Scents From Heaven: 19 Fragrances On Our Radar This Summer

Big-name bouquets and subtle scents from independent fragrance brands are all in the mix.


Freshly mown lawns, sizzling barbecues, suntan lotion – our olfactory associations with certain times of year are ingrained. And, as such, certain bottled scents just work better when applied during the balmier phases of the year – as much, arguably, that certain garments and dress codes do.

Here’s our pick of the current crop, when it comes to smelling like you’re tilting the same way as the earth’s axis.

Acqua Di Parma Colonia Club

Mint, bergamot, neroli, lemon, petitgrain, mandarin orange, lavender, geranium, galbanum, Haitian vetiver, ambergris, musk… It all makes for a thrilling olfactory symphony in the case of this fragrance aimed – like all of the 1916-founded Italian brand’s bottled wares – at both genders.
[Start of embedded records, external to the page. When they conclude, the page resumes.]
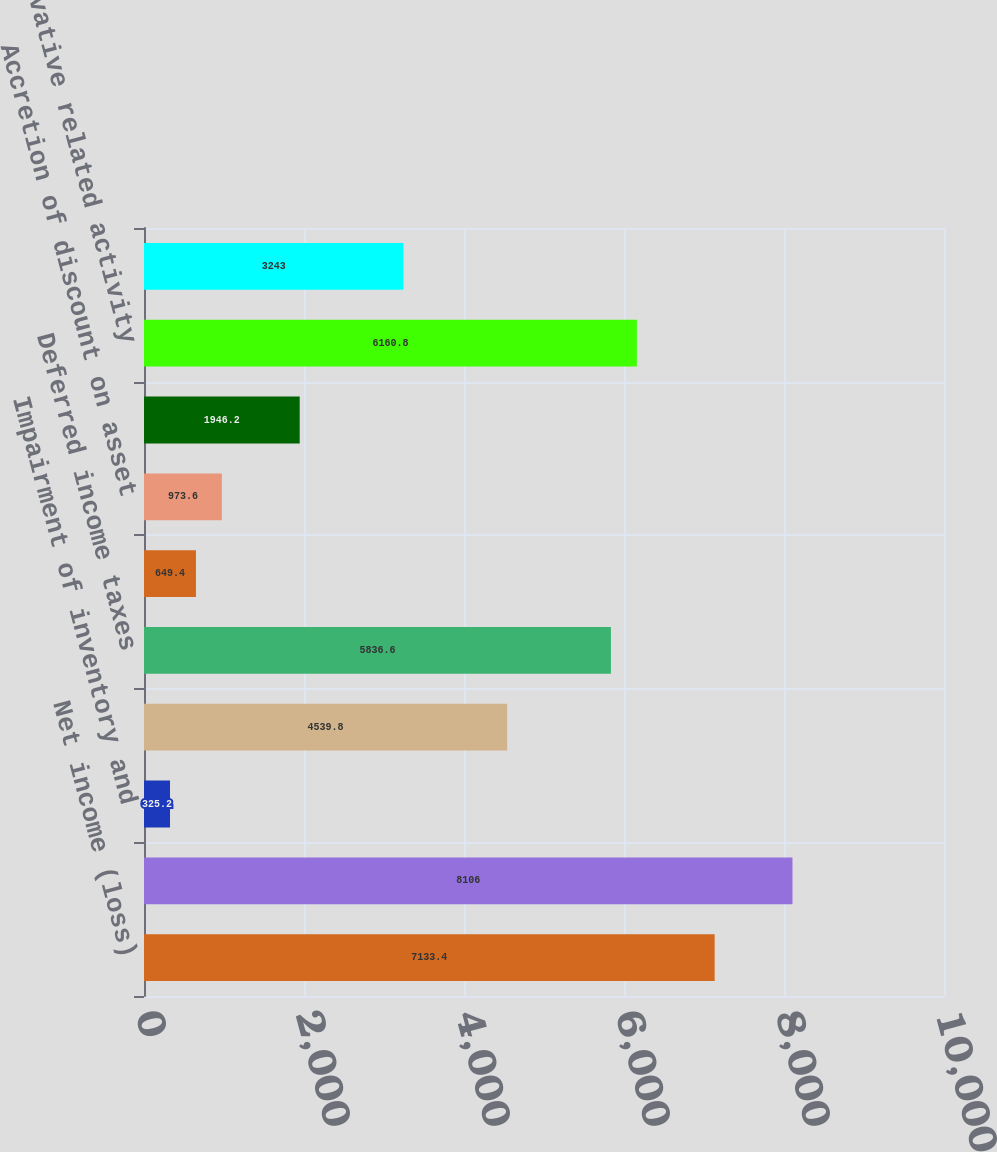<chart> <loc_0><loc_0><loc_500><loc_500><bar_chart><fcel>Net income (loss)<fcel>Depletion depreciation and<fcel>Impairment of inventory and<fcel>Exploration expenses including<fcel>Deferred income taxes<fcel>Gain on disposition of assets<fcel>Accretion of discount on asset<fcel>Interest expense<fcel>Derivative related activity<fcel>Accounts receivable<nl><fcel>7133.4<fcel>8106<fcel>325.2<fcel>4539.8<fcel>5836.6<fcel>649.4<fcel>973.6<fcel>1946.2<fcel>6160.8<fcel>3243<nl></chart> 
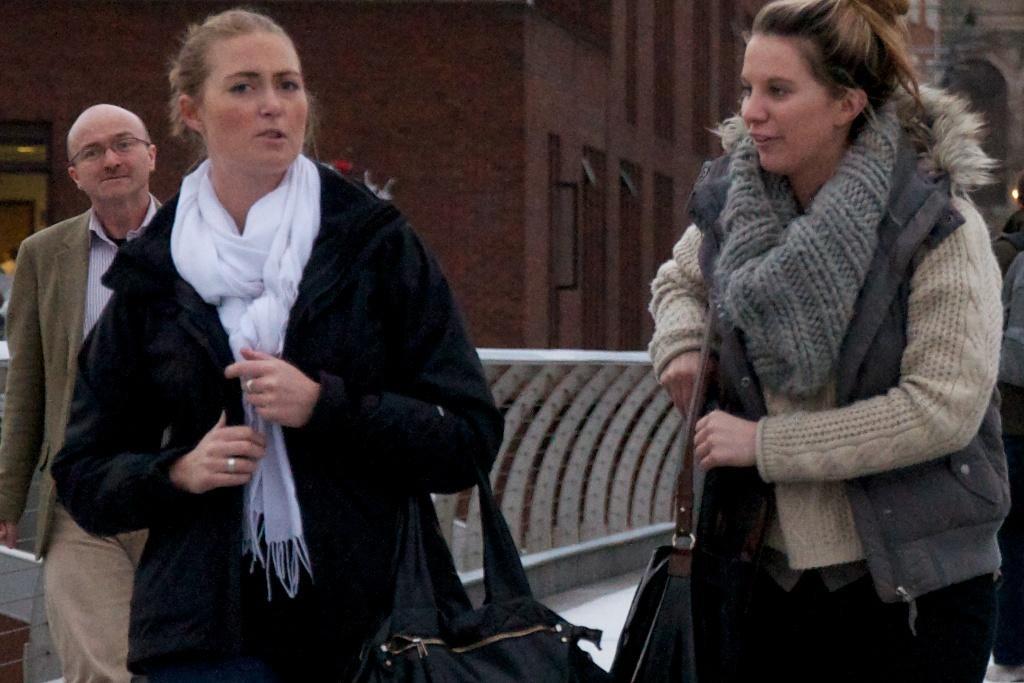Please provide a concise description of this image. In this image I can see three persons on the road. In the background I can see a fence, buildings, door and windows. This image is taken may be on the road. 
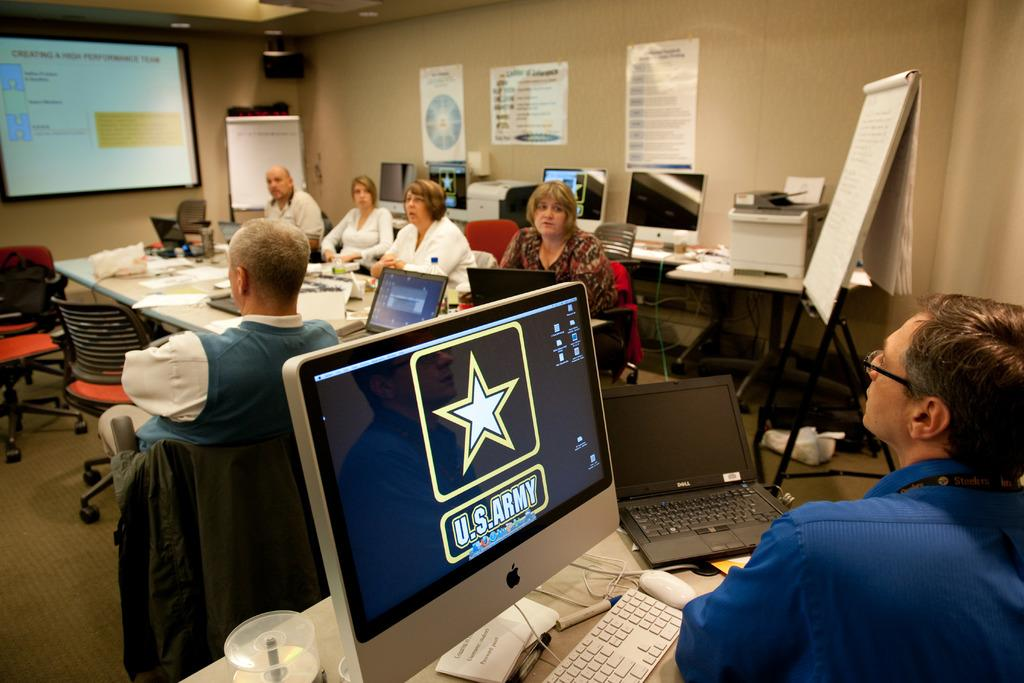<image>
Summarize the visual content of the image. A man sitting at a computer monitor that says U.S Army on it.

Acqua di Parma prides itself on having developed a reputation for encapsulating human traits such as optimism and freshness. Check this out (along with their scented candles, if you’re so inclined) and you may find yourself nodding in agreement. Think La Dolce Vita, bottled.
£154 for 180ml, BUY NOW

Penhaligon’s Sartorial

Penhaligon’s, a luxury fragrance house in London that begins its life as a barbershop in 1870, has been swathing princes and dukes in fine scents long enough to know what it’s doing. For proof of this, look no further than the corner-office-approved scent Sartorial. It was designed to smell like the scent a bespoke tailor might experience when they hold up an iron or a steamer to a wool suit, which is a more appealing smell than you might think. The fragrance blends gentlemanly notes of violet leaf, neroli, lavender, leather and cedar to create a long-lasting scent with plenty of well-dressed credibility.
£152 for 150ml, BUY NOW

Ermenegildo Zegna XXX Verdigris


Ermenegildo Zegna earned a reputation for making serious power suits, but the brand seems to understand that its younger clients want lives outside of the office. Its relatively new series of XXX (pronounced “Triple Stitch”) fragrances will appeal to work hard, play hard types, and of the trio our favourite is Verdigris. Inside its slightly melted-looking bottle, you’ll find a decidedly crisp blend of cardamom and an icy winter accord that plumbs the line between warmth and coolness. But be warned: even though it’s marketed as an eau de parfum, it’s not the longest-lasting fragrance we’ve ever tried.
£150 for 100ml, BUY NOW

Bentley Momentum Unbreakable Eau De Parfum

The bottle looks like it means business. Bentley says it’s inspired by “the skyline of a modern metropolis”, but it also calls to mind a stone edifice on a roped-off heritage site. And, the woody, floral and spicy scented  liquid contained within is suitably imperious. Top notes of violet leaves, Mandarin Sfuma and lavender hive way to heart notes of immortelle, geranium and orris, with warmer notes of Haitian vetiver, papyrus, patchouli and Dreamwood (a sustainable alternative to the increasingly endangered Mysore sandalwood) creeping through.
£70 for 100ml, BUY NOW 

Cartier Déclaration Haute Fraîcheur

If you want to up the ante on that feeling of freshness, reach for Cartier’s Déclaration Haute Fraîcheur. While it’s technically a woody scent, its top note of citrus leaves gives it a remarkably crisp character. It’s bolstered by cardamom and cedar, and even though it’s marketed as a men’s fragrance, Haute Fraîcheur is – like other scents here – unisex enough that a lot of people will find it appealing. Which means more people will end up passing compliments your way.
£95 for 100ml, BUY NOW

Maison Francis Kurkdjian’s L’Homme À la Rose

There’s something pleasantly unexpected about a rose fragrance on someone who’s got a fairly masculine presentation, and Maison Francis Kurkdjian was designed to explore that tension. Its rose note calms down pretty quickly, taking a backseat to the grapefruit, sage and amber woods in its mix. It goes to a somewhat cedar-y place when it dries down, which grounds its brighter floral notes in something decidedly approachable. And because it’s got pretty good longevity, you’ll smell as good at your coffee break in the afternoon as you did during your morning stand-up.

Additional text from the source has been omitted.